In this work, one sees in the foreground a man wearing a cut off T-shirt that states “I Am A Man.” The background is composed of a crowd of black men adorned in what today would be considered their “Sunday’s Best,” standing in protest holding signs stating “I Am A Man” as well. Further in the distance one can see a sign from the Lorraine Motel which is located in Memphis, TN. The Marque states “I Have A Dream-MLK.” The original photo selected in collaboration with this painting is a historic civil rights photo from 1968 of a young man wearing a black suit. He is holding a sign stating the same sentiment, “I Am A Man.” His expression is stern and his stance is unwavering.
The gentleman in the photo was one of many participants in the sanitation worker’s strike in Memphis, TN from February 1968 to April, 1968. These men had become fed up with their mistreatment, poor and unsafe working conditions and were seeking better pay. They were moved to strike after 2 of their coworkers were crushed and killed by a garbage truck compactor while taking cover from a rain storm. On April 3 1968, Martin Luther King Jr. spoke his “I’ve Been to the Mountaintop” speech while on his second visit to support the workers and was murdered the following day at the Lorraine Motel.

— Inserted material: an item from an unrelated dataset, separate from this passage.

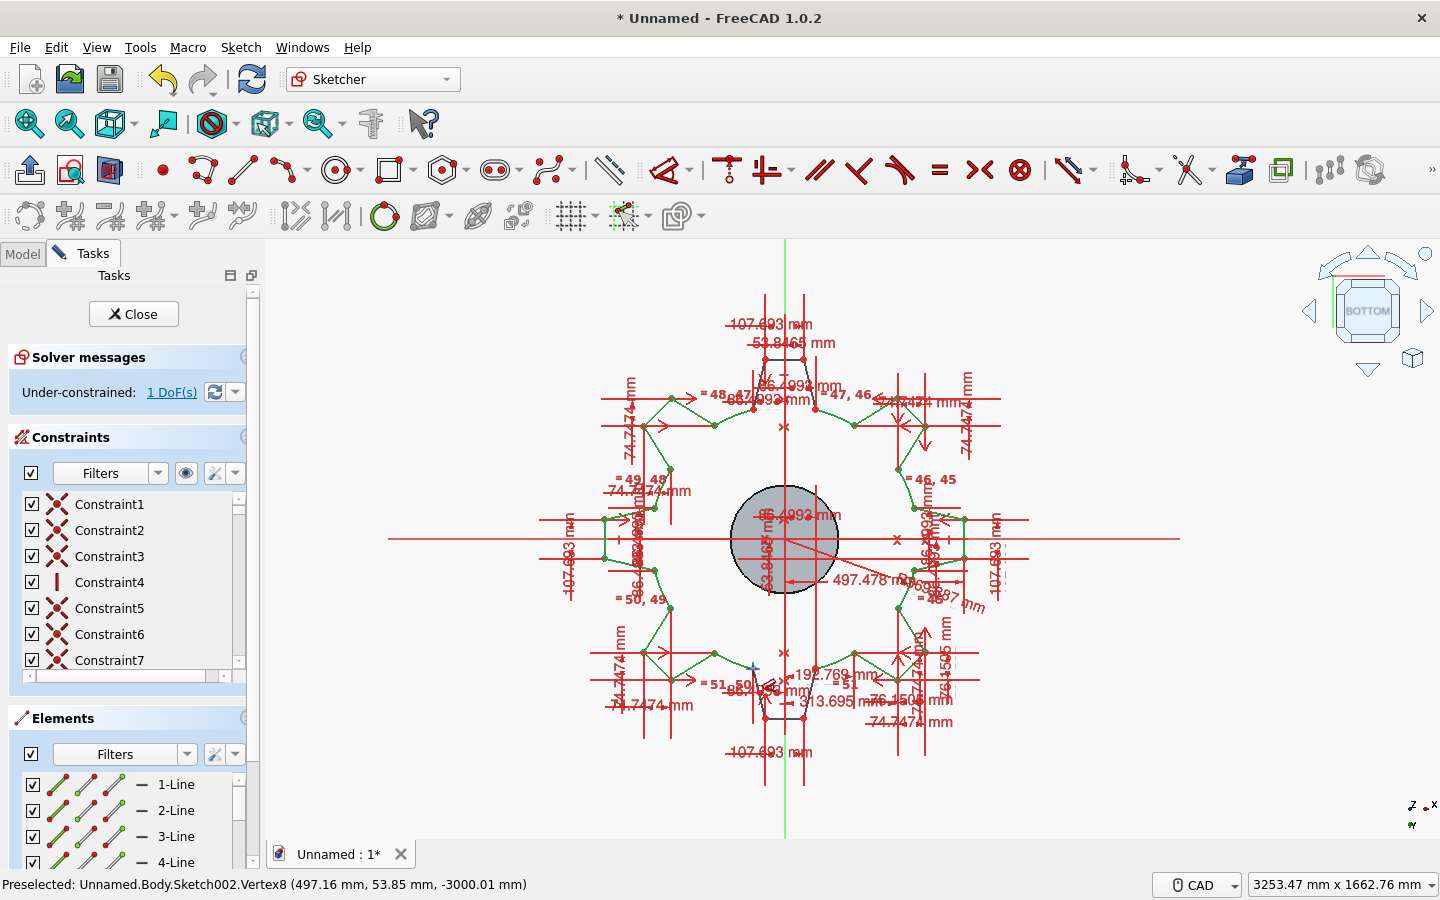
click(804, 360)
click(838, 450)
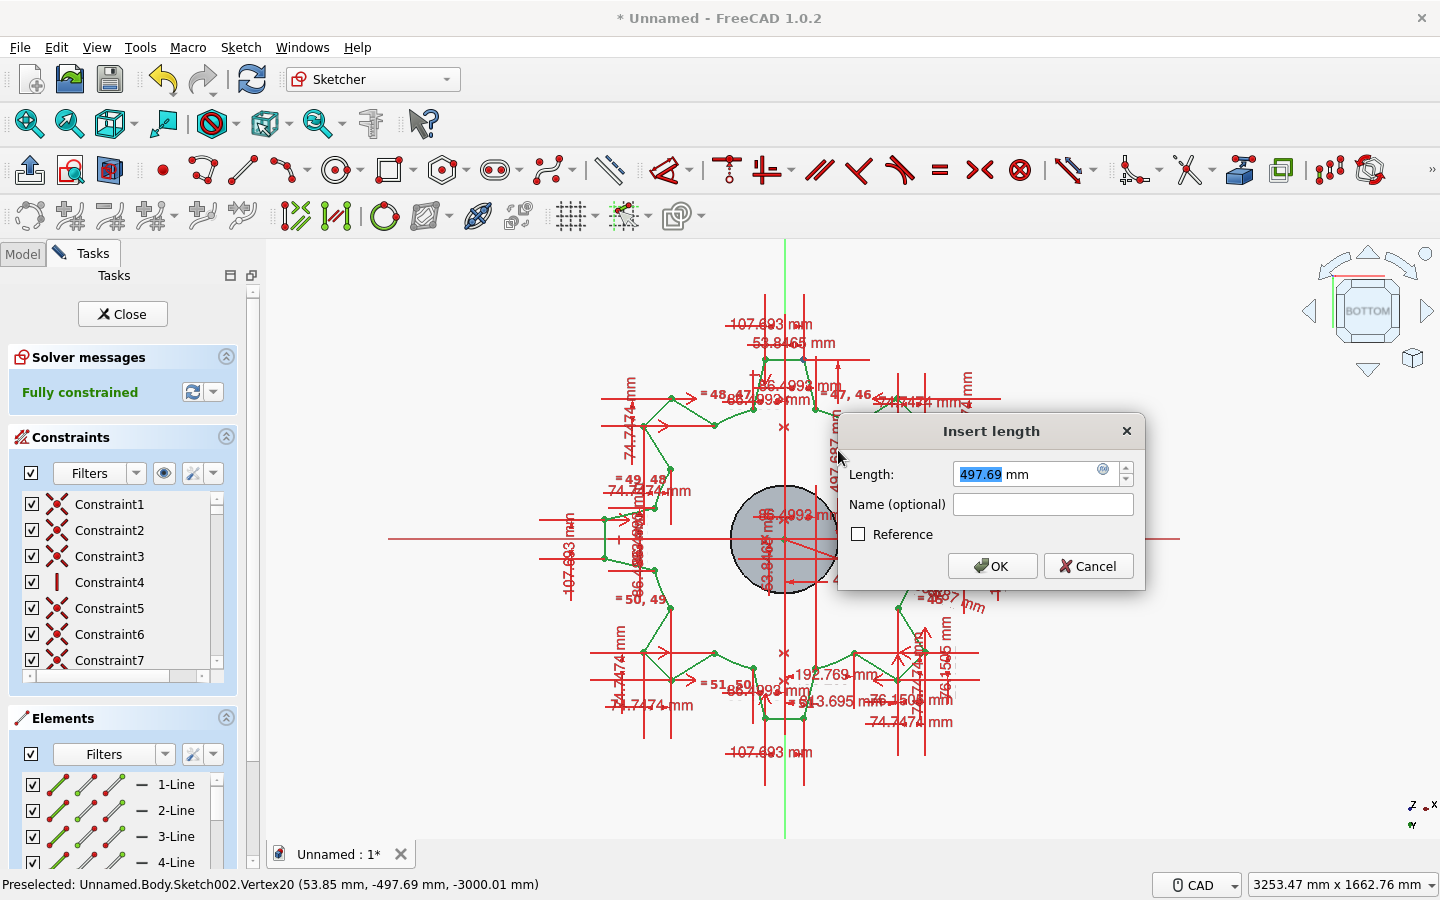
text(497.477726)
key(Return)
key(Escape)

The men in the background of the painting are referenced from other photos from the sanitation strike. They represent providers, fathers and husbands, some are son’s caring for elderly parents addressing a basic human right, to be seen and treated as a man. This sentiment was not new to the civil rights protesters of the 1960’s, but has been a fight since the beginning of their enslavement and kidnapping 400 years ago. The privilege of being treated as a man, better yet a HUMAN, was stripped from them by another people who decided that a black man is not human but subhuman; and when it benefited them 3/5’s a man.

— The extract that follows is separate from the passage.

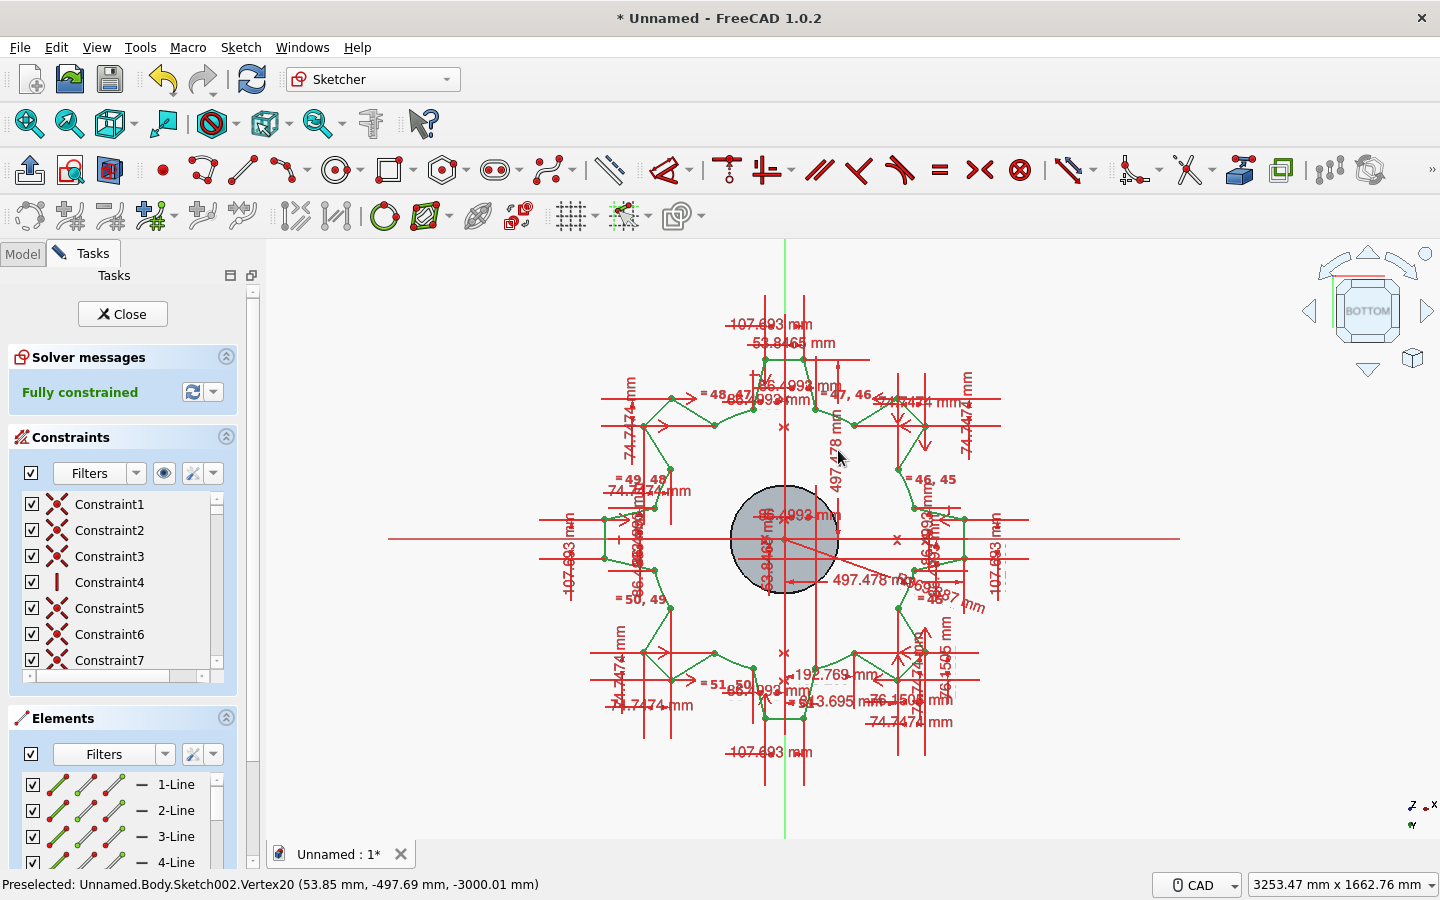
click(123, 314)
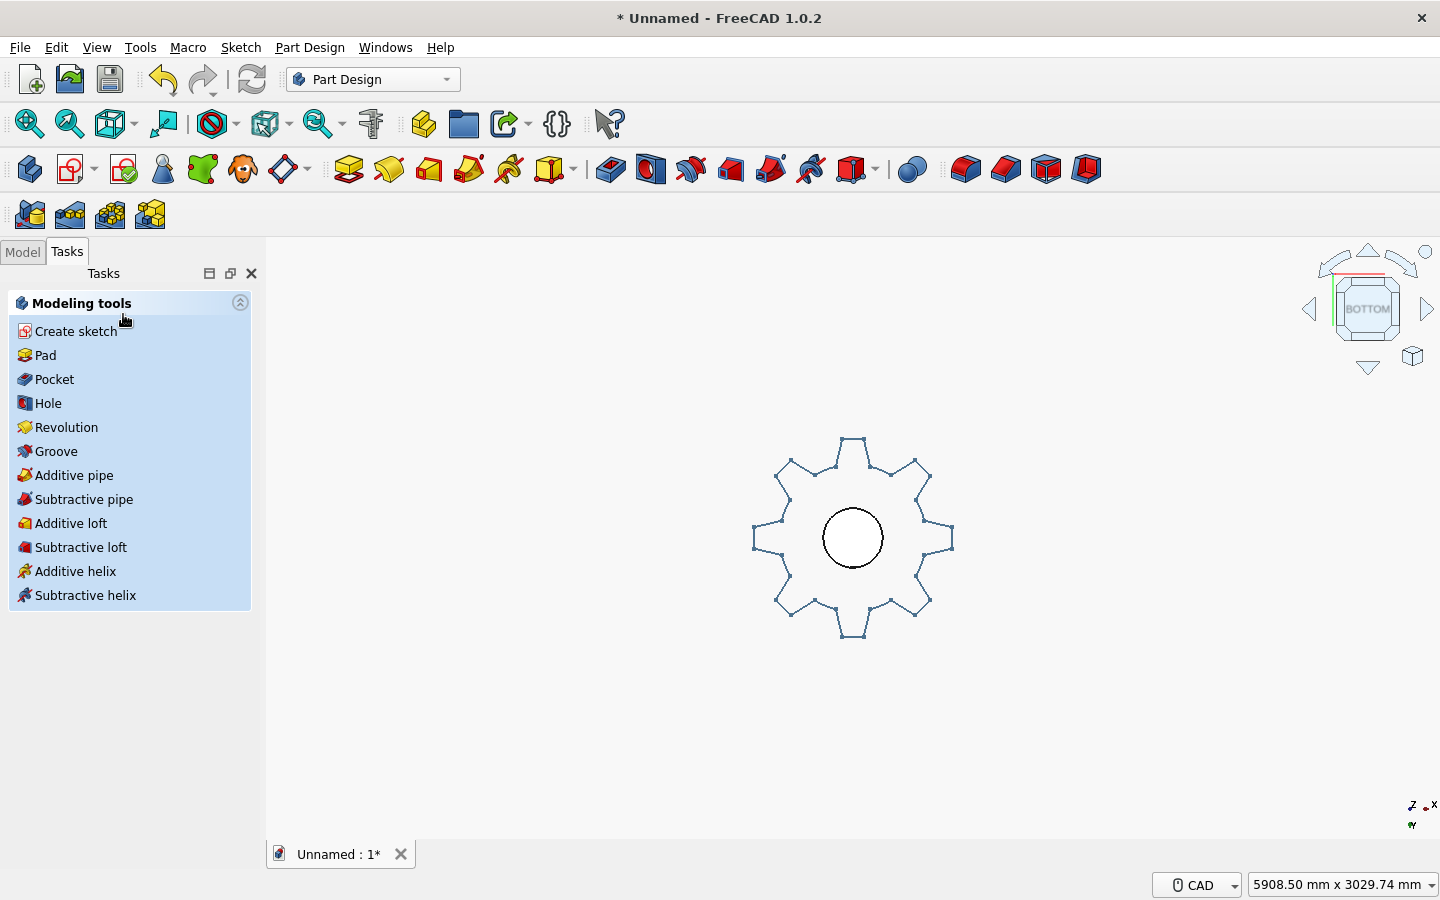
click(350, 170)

Every enslaved man who married a woman and had children did not have the rights of a man to protect, provide for, correct and care for his family. He was not a man, but property and so was his family. An enslaved man was considered wrong to raise his hand or fist to protect his wife, children and even himself from rape, abuse, separation, murder and neglect. For too many years to count, black men were not permitted to be a man even though to their core they knew they were.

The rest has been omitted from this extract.